I'm looking for a way of evaluating $$\int_0^\pi\sin x \exp(-a/\sin x)dx$$ to get a second order Bickley function $K_2(a)$, which is basically the same integral, but $\cos x$ instead of $\sin x$ and the limits change from $0$ to $\pi/2$, which is understandable.
I'm a bit lost what kind of variable substitution could I do. Any suggestions? I have tried $-a/\sin x = u$, but that doesnt seem to give reasonable results. Thanks in advance!
Elaborating on my comment.
Though I now consider the limits to be from $0$ to $\pi/2$, so the final function would have to be multiplied by $2$.

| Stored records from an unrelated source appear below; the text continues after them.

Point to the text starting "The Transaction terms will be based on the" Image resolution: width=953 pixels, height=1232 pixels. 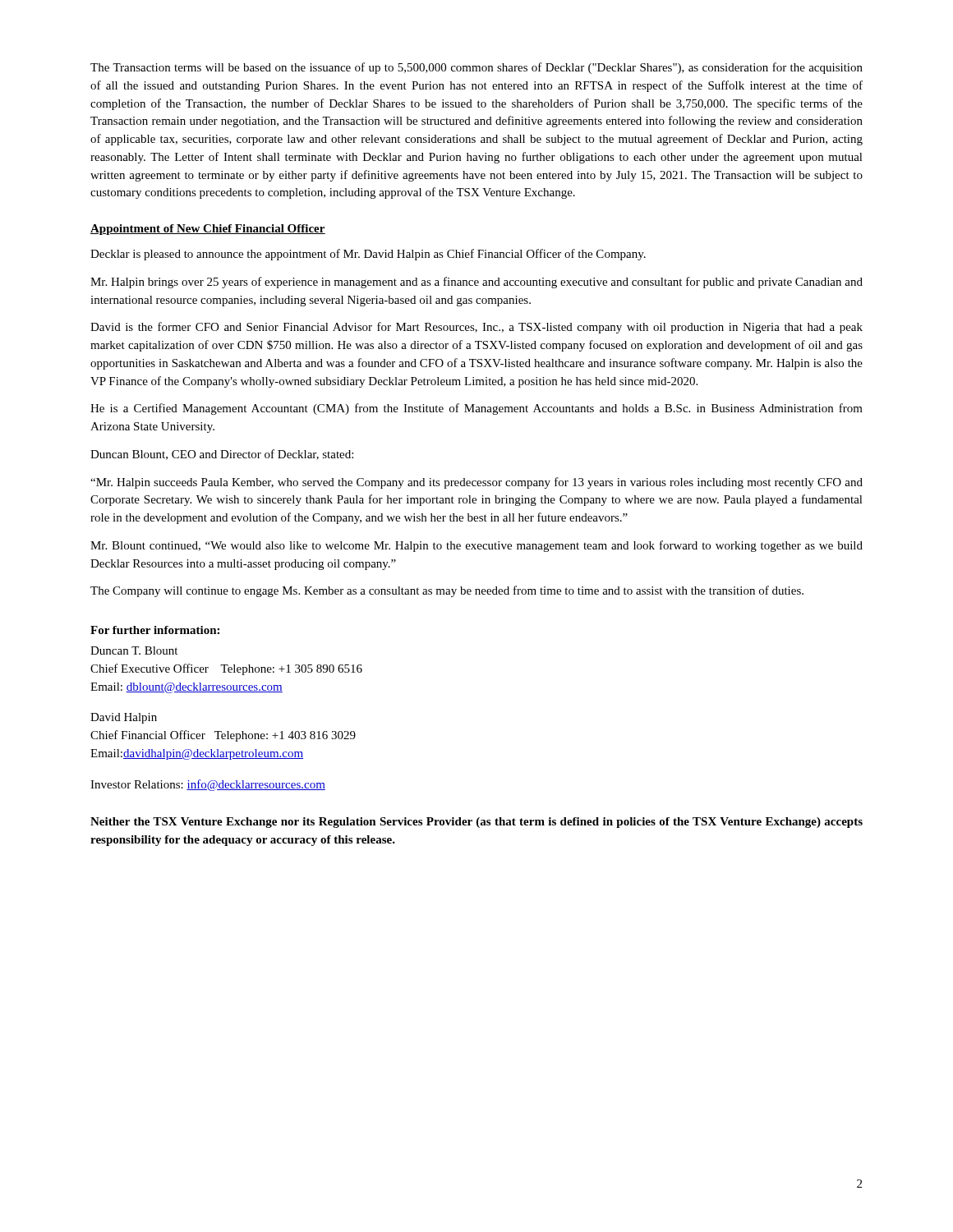point(476,131)
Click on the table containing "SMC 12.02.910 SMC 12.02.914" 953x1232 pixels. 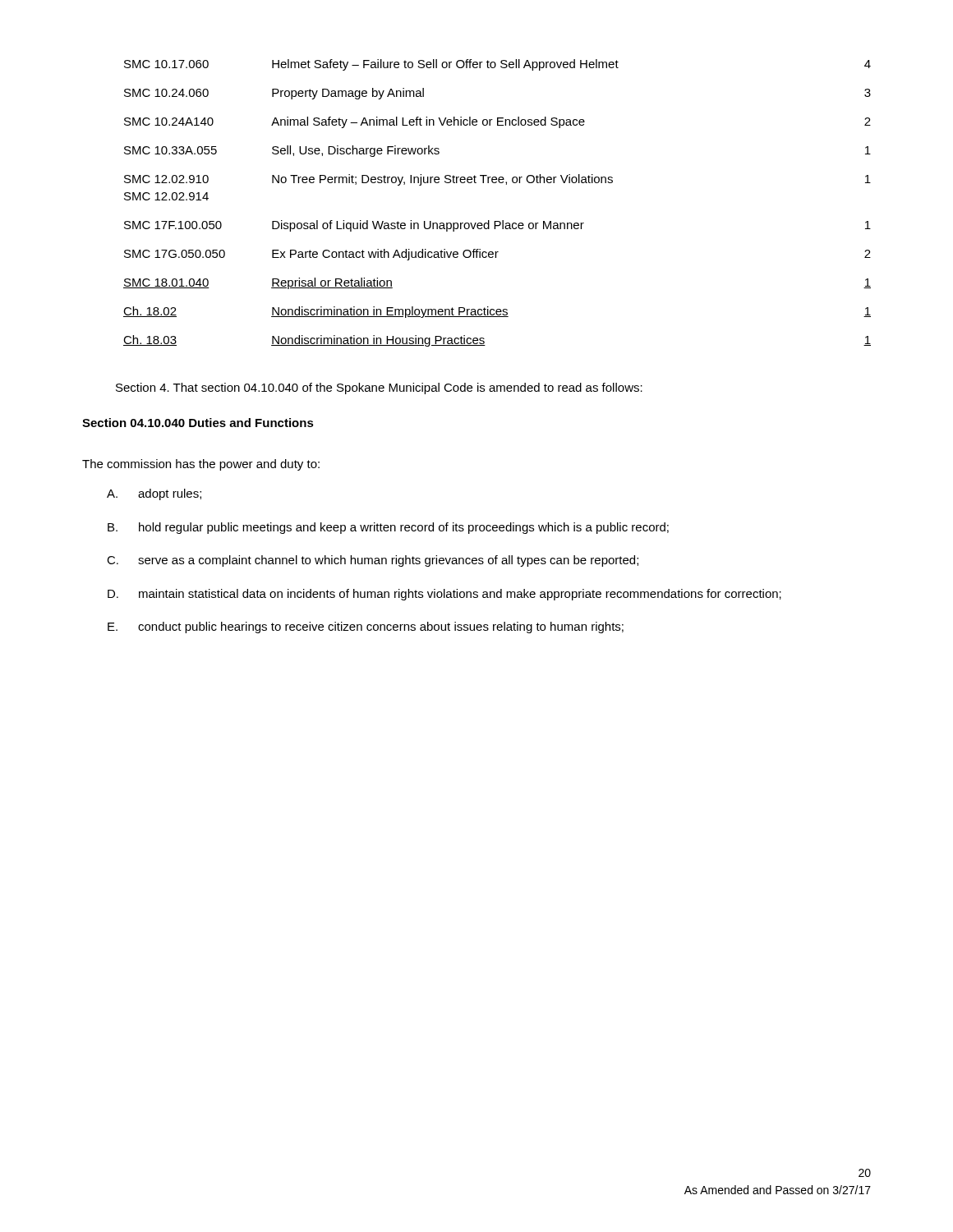(x=476, y=202)
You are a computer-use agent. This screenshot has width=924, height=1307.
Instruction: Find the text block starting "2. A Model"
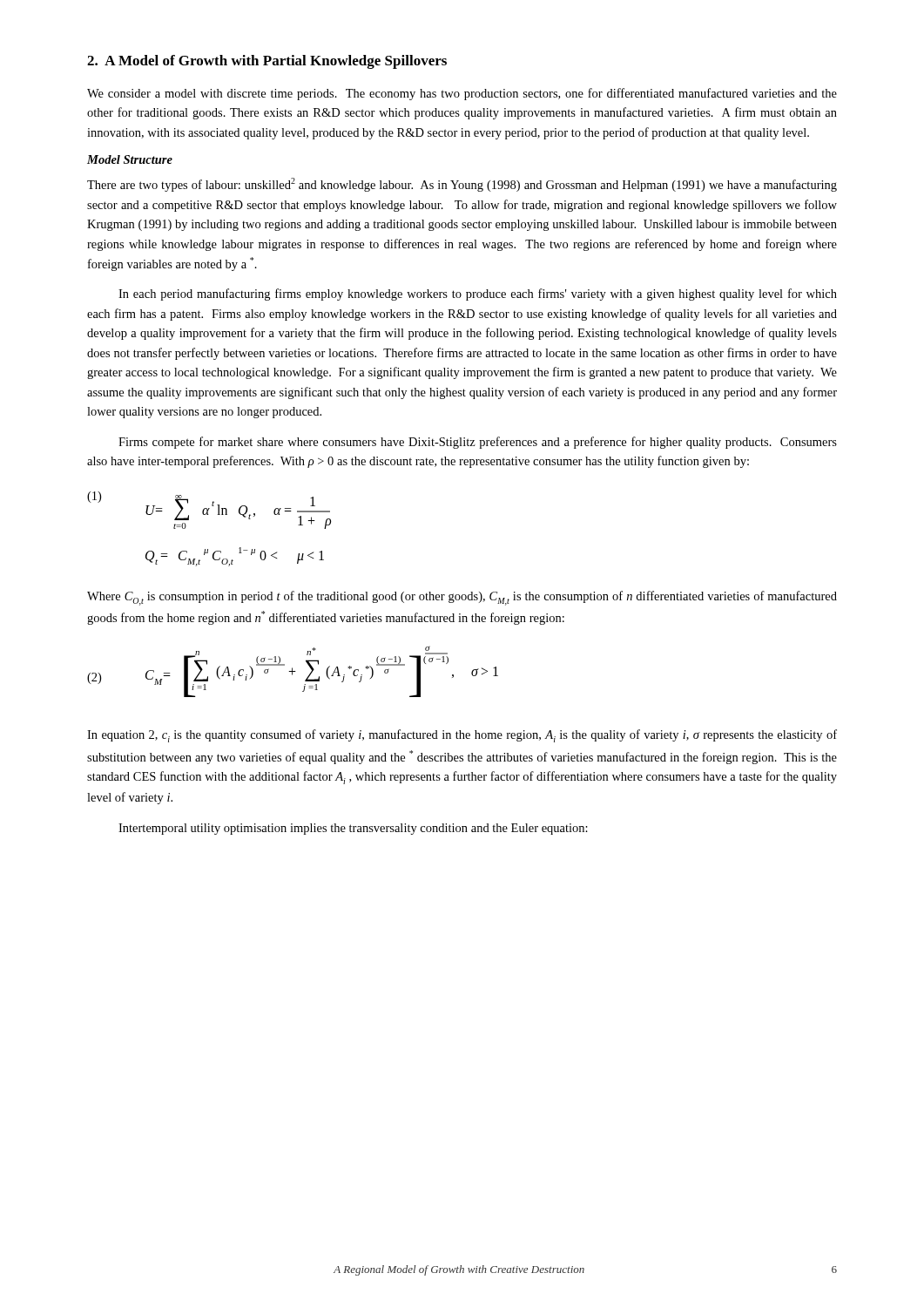[x=267, y=61]
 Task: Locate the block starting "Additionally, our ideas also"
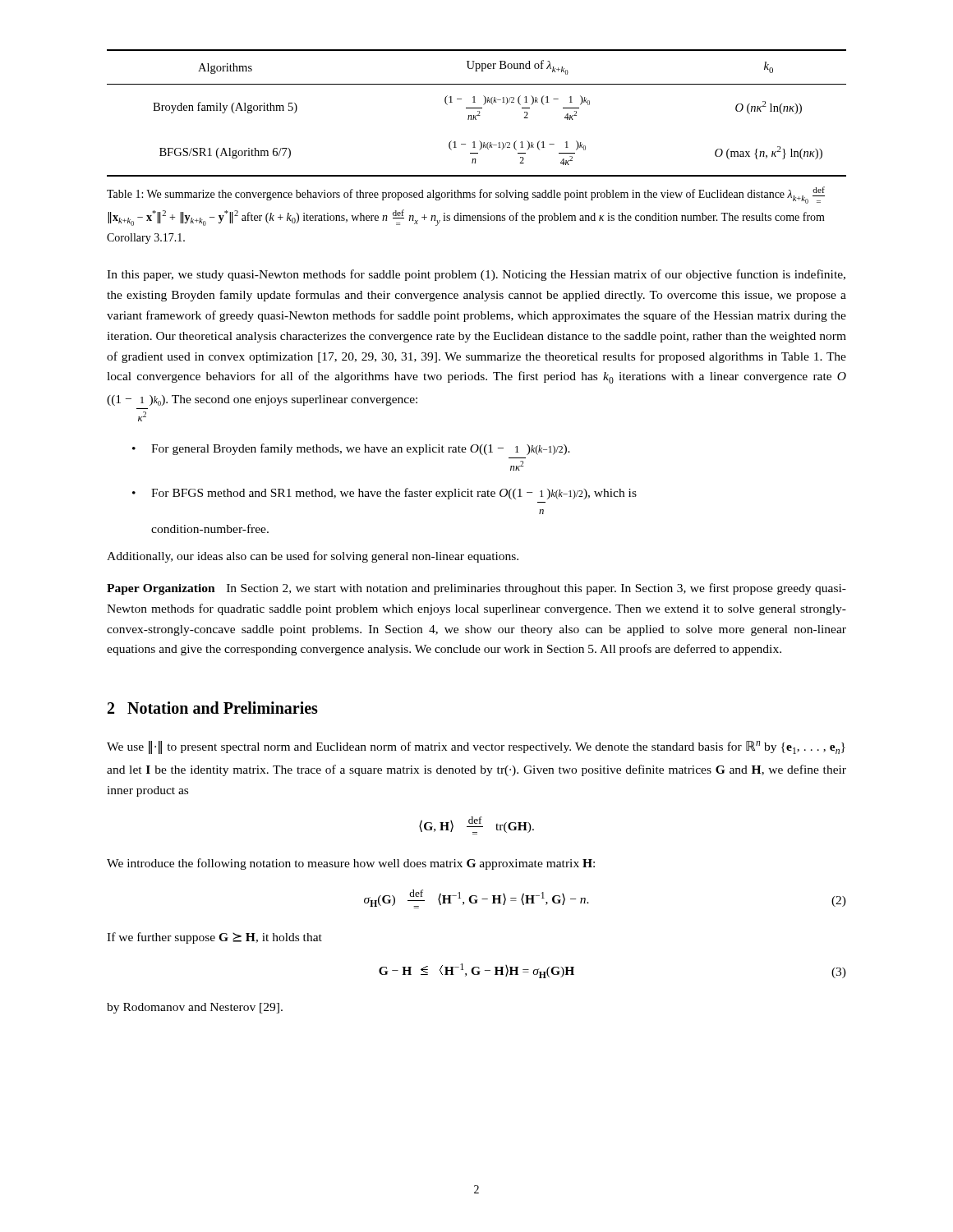point(313,556)

Substitution: $$u=\frac{1}{\sin x}$$
makes the integral:
$$f(a)=\int_1^\infty e^{-a u} \frac{du}{u^2 \sqrt{u^2-1}}=\int_0^\infty \frac{dt}{\cosh^2 t}e^{-a \cosh t}$$
This makes it obvious that:
$$f''(a)=K_0(a)$$
Where the initial conditions can be easily found from the original integral:
$$f(0)=1 \\ f'(0)=-\frac{\pi}{2}$$
Does $f(a)$ have a closed form? Probably not a nice one. We can always use numerical methods.